At the beginning of December I went with my mum and my step-dad to watch Simon Callow in Charles Dicken’s A Christmas Carol. It is a one-man production that I saw last year with my friend Beth, and consequently decided to make it a festive tradition. I was lucky enough to meet Simon Callow afterwards when I was enjoying a mince pie and a glass of mulled wine in the theatre’s bar and speaking to the man in possession of perhaps the most marvellous voice in the country was certainly one of the highlights of my year.

And as a token Christmas present, my mother bought me a beautiful hard-back edition of A Christmas Carol to remind me of our trip to the theatre. Most people will know the story well, it having been propelled into mainstream culture by the Muppet’s Christmas Carol, and despite having struggled with much of Dickens’ other work, A Christmas Carol is a truly beautiful story.

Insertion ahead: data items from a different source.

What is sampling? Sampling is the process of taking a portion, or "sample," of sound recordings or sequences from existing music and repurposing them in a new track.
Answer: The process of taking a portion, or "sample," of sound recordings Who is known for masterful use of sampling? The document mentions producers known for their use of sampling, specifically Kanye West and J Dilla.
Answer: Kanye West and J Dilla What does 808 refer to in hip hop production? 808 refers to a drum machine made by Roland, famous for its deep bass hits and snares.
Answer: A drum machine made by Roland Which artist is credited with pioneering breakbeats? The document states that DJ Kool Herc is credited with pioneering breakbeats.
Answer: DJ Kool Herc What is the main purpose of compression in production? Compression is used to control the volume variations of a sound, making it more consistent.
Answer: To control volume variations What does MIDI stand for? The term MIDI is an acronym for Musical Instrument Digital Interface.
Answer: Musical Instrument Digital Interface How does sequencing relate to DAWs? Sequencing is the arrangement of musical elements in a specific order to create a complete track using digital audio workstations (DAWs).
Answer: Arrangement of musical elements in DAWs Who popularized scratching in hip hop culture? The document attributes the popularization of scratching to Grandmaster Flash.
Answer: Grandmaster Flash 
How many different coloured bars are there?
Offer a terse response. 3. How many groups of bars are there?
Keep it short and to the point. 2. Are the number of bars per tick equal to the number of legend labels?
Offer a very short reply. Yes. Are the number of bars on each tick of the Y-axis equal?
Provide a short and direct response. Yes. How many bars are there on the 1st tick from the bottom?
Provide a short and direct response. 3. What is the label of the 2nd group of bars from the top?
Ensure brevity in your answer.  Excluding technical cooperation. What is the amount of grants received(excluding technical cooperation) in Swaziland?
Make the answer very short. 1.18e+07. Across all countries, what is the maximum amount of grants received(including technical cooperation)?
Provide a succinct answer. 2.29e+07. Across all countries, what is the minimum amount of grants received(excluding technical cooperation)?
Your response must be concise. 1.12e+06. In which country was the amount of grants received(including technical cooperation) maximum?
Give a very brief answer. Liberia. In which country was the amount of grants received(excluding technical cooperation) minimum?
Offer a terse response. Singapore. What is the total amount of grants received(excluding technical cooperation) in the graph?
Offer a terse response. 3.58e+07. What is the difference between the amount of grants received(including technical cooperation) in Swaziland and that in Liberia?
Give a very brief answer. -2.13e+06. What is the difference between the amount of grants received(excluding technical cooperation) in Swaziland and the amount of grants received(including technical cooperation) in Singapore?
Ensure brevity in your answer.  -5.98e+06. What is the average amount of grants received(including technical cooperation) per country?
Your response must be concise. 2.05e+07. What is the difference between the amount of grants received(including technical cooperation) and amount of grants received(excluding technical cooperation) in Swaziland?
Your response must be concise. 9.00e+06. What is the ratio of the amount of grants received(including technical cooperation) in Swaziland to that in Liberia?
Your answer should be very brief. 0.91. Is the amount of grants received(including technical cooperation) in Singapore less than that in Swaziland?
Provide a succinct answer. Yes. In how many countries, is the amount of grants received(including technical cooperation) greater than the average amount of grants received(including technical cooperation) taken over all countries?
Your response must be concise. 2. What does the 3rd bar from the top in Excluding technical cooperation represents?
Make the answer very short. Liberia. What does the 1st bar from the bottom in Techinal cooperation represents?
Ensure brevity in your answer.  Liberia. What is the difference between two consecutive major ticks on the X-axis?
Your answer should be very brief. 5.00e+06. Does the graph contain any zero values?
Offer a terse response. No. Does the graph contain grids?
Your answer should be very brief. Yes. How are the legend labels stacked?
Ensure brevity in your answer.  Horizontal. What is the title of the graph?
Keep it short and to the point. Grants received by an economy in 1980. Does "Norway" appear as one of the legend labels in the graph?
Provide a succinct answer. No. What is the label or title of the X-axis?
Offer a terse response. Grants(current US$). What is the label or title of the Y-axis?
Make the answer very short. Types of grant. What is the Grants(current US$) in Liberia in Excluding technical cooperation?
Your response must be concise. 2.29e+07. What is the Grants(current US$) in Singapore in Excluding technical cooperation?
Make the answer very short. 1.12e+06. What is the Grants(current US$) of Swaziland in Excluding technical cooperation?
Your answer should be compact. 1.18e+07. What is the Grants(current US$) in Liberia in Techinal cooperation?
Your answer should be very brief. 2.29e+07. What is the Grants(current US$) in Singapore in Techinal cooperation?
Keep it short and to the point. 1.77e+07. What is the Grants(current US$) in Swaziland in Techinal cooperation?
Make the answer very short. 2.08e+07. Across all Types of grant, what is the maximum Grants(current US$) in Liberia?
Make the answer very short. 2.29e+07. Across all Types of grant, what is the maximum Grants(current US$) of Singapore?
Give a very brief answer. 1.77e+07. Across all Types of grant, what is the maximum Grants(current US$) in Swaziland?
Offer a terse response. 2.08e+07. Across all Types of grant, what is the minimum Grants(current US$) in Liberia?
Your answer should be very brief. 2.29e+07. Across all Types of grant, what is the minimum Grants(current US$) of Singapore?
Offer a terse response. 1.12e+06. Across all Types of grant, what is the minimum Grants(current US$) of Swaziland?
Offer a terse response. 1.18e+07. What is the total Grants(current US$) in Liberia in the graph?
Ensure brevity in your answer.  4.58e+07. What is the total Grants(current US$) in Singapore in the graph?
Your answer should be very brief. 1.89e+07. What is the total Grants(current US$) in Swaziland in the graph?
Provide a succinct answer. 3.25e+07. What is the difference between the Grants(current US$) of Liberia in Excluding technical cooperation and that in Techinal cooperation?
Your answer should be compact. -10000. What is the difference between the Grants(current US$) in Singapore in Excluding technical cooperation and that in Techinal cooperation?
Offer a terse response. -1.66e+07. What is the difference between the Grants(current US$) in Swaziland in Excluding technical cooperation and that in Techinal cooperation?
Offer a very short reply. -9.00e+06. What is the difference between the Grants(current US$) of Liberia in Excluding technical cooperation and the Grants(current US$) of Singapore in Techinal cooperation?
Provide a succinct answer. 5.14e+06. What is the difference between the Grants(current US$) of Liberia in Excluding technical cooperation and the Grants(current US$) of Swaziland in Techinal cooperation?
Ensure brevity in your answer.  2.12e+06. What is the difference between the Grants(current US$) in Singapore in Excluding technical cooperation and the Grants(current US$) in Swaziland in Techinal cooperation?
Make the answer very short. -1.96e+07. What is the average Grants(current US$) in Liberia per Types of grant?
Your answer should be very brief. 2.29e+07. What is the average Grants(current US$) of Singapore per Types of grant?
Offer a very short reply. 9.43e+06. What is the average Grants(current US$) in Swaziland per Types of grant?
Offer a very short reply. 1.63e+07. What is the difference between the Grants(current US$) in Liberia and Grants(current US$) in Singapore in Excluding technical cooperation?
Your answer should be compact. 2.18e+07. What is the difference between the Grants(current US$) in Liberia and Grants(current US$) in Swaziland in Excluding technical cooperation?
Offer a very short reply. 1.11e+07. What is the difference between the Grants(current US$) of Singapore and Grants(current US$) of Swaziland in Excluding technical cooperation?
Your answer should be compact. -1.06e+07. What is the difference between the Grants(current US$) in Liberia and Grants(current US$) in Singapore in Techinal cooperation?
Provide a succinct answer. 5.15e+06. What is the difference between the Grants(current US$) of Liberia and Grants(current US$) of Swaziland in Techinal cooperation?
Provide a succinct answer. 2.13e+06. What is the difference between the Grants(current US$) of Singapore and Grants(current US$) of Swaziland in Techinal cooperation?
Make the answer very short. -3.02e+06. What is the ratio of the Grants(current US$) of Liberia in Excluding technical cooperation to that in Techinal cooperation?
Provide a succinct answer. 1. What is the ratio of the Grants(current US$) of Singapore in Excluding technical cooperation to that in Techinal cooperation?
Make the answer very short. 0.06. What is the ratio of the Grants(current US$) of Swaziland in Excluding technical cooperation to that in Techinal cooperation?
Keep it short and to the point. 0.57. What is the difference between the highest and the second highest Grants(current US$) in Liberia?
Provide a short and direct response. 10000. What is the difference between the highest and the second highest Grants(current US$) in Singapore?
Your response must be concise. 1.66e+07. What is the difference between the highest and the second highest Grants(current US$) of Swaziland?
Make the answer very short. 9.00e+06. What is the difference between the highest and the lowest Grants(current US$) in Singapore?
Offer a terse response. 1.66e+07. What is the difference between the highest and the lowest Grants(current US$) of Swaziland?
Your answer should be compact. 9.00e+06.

First published on 19th December 1843, A Christmas Carol tells the story of Ebeneezer Scrooge,  a miserly and miserable old man about to spend another Christmas alone. Intolerant of compassion, charity or kindness Scrooge dismisses the offer of his nephew Fred’s dinner invitation and refuses to contribute to a collection for the poor. Indeed, his only Christmas gift is allowing his overworked employee Bob Cratchit Christmas day off, though this is only on the condition that he returns to work first thing on Boxing Day.

On the night of Christmas Eve, however, Scrooge is paid a visit by the ghost of his former business partner Jacob Marley, seven years after his death. Marley warns Scrooge to change his ways before three further spirits descend on the night. The Ghost of Christmas Past takes Scrooge to scenes of his childhood, causing him to reminisce a time of boyish innocence while the Ghost of Christmas Present shows Scrooge a joyous picture of people celebrating Christmas this year. Finally, the Ghost of Christmas Yet To Come takes Scrooge to a time in the future where he sees what both life and death will be like if he continues to live as he does.

A timeless, cautionary tale just as relevant in the 21st century as it was in the 19th, A Christmas Carol is a heart-warming story perfect for this time of year.